Grippe A : la France n'a toujours pas réglé ses factures

L'Empire - la fabrication de la PEUR


Un nouveau rapport parlementaire sur la gestion de la pandémie de grippe A souligne les faiblesses de la politique du ministère de la santé face aux laboratoires pharmaceutiques. GlaxoSmithKline (GSK) n'a toujours pas reconnu la résiliation de 369,25 millions d'euros de vaccins par l'Etat ; le laboratoire pourrait saisir la justice.

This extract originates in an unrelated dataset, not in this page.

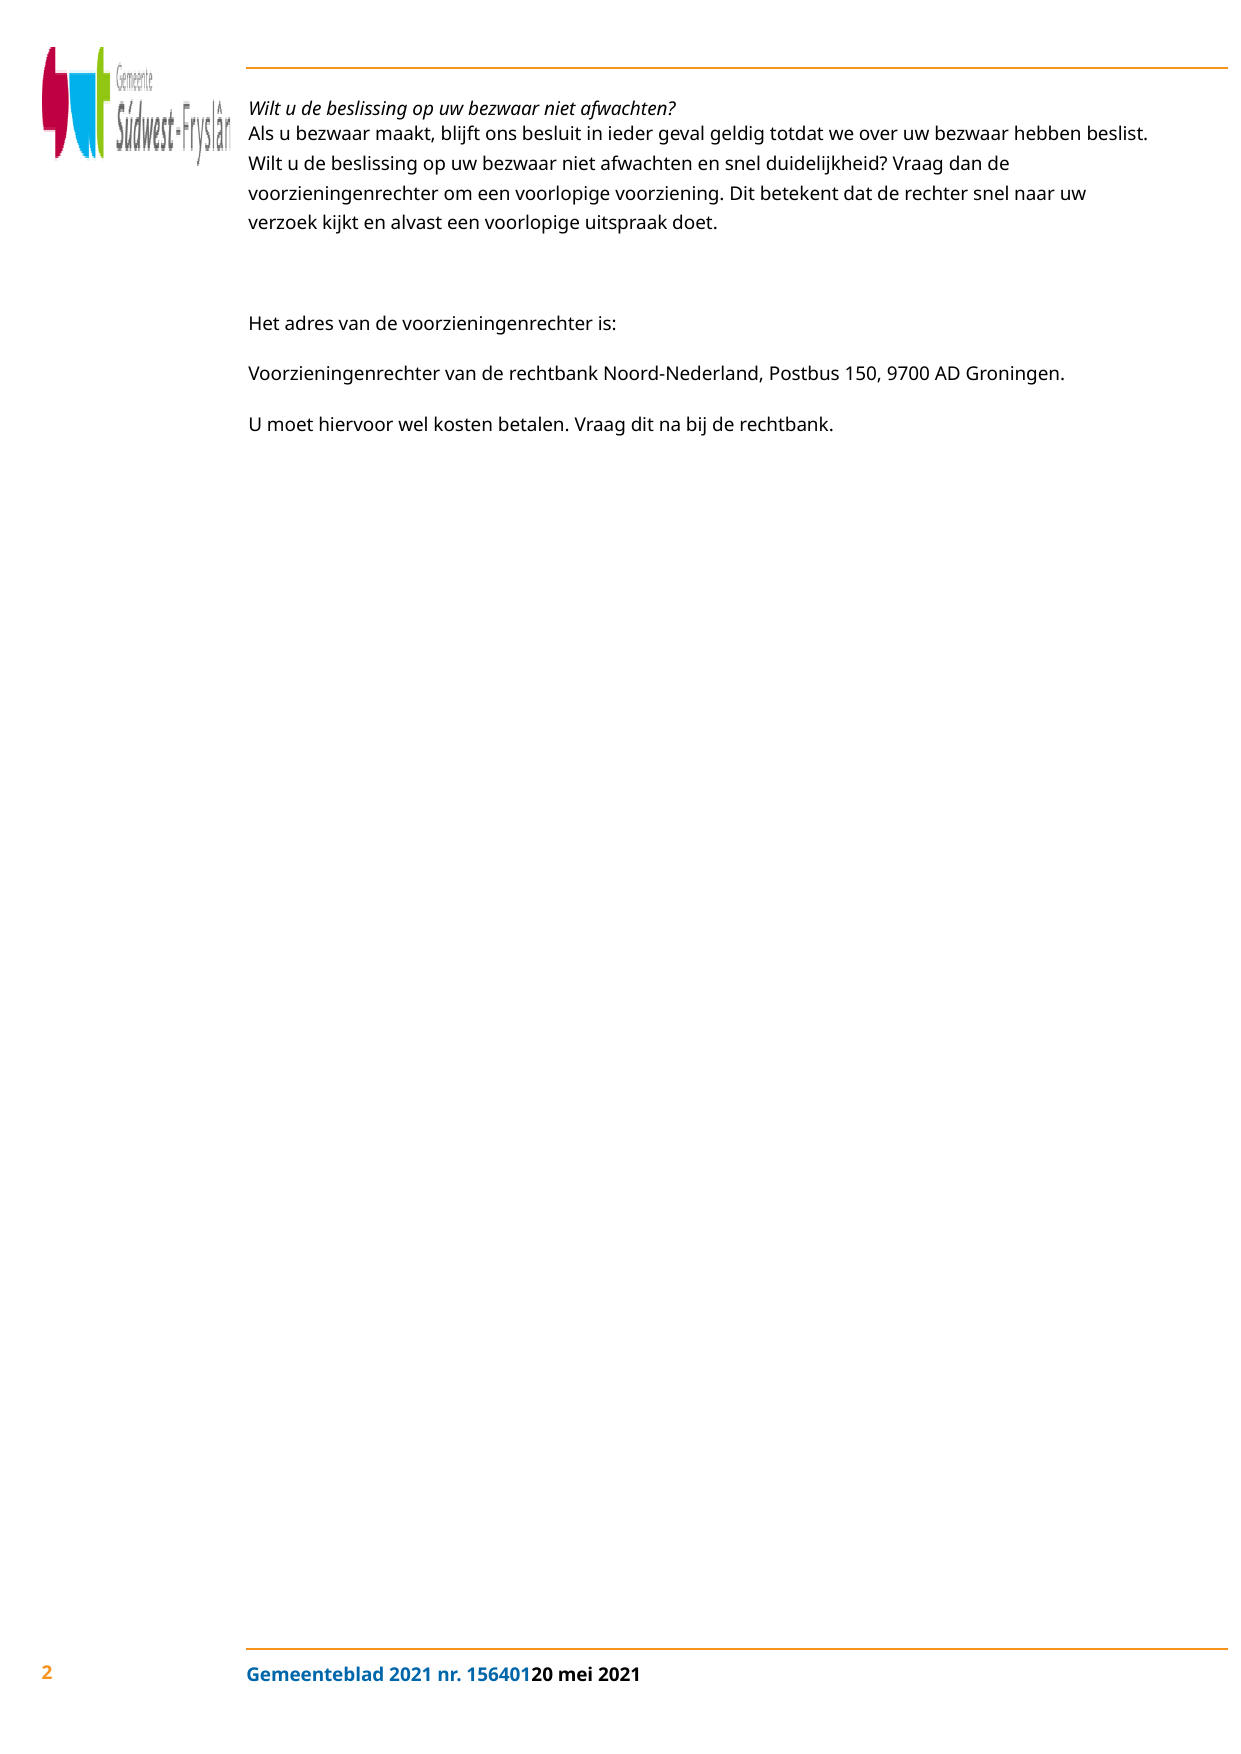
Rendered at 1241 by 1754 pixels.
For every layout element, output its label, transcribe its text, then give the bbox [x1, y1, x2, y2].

La commission d'enquête du Sénat, dont le rapporteur est l'UMP Alain Milon, juge "anormal" que le gouvernement ait été "contraint" d'acheter deux fois plus de vaccins que nécessaire pour "s'empêtrer dans des contrats déséquilibrés". Présidée par François Autain (Parti de gauche), la commission souligne de nombreuses et coûteuses erreurs et dénonce "un déni de réalité dans la politique du ministère de la santé". "Les scénarios les plus pessimistes ont été privilégiés sans qu'aucun fait ne vienne les étayer et que toutes les informations rassurantes disponibles ont été écartées ou ignorées", peut-on encore lire dans le rapport.
DOCILITÉ DE L'ÉTAT
Concernant l'achat de vaccins, les sénateurs s'étonnent que les laboratoires américains GSK et Baxter aient refusé d'inclure dans les contrats de préréservation la clause d'annulation. Une clause qui permet de résilier à son gré les commandes excédant ses besoins et que les Britanniques n'ont pas omis d'intégrer dans leur contrat. Un oubli qui coûte des millions d'euros à la France. En janvier, l'Etat a annulé ses commandes auprès des trois laboratoires. Le gouvernement a négocié avec Sanofi-Pasteur et Novartis le paiement d'une indemnisation équivalente à 16 % des commandes, soit 2 millions d'euros pour Sanofi-Pasteur et 10,46 millions pour Novartis. L'américain GSK n'a à ce jour pas accepté les 59,08 millions d'euros (16 % de 369,25 millions d'euros de commandes) proposés par l'Etat français. Le laboratoire pourrait saisir le tribunal administratif, reconnaît-on au ministère de la santé, qui n'est toujours pas en mesure d'estimer le coût de ses achats de vaccins.
Le rapport souligne également la docilité de l'Etat face aux laboratoires. "L'étude des contrats passés entre les autorités sanitaires et les industriels (...) peut conduire à se demander si les autorités publiques se sont montrées assez soucieuses de garder la maîtrise de la gestion des crises qui doit être la leur", explique le rapporteur. Les travaux des sénateurs confortent celui de la commission des questions sociales, de la santé et de la famille de l'Assemblée parlementaire du Conseil de l'Europe, présenté le 7 juin, qui dénonçait un "gaspillage des fonds publics" et "des peurs injustifiées".
Un autre point a particulièrement retenu l'attention des parlementaires : les liens d'intérêt qui auraient pu conduire des personnalités proches des instances gouvernementales et internationales à organiser un lobbying actif favorable aux industries pharmaceutiques. La commission regrette "l'anonymat des membres du comité d'urgence et la non-publicité des déclarations d'intérêt font apparaître un manque de transparence de l'OMS qui renforce les critiques portant sur l'influence des laboratoires." Concernant les instances françaises, "bien qu'aucun élément dont elle dispose ne permette à la commission d'enquête de conclure que des préconisations aient été faites en raison des liens d'intérêt de certains experts, elle ne peut que constater que la pandémie de grippe liée au virus A (H1N1) a été l'occasion d'une remise en cause sévère de l'expertise publique dans l'opinion en raison des liens d'intérêt de la majorité des experts avec l'industrie pharmaceutique."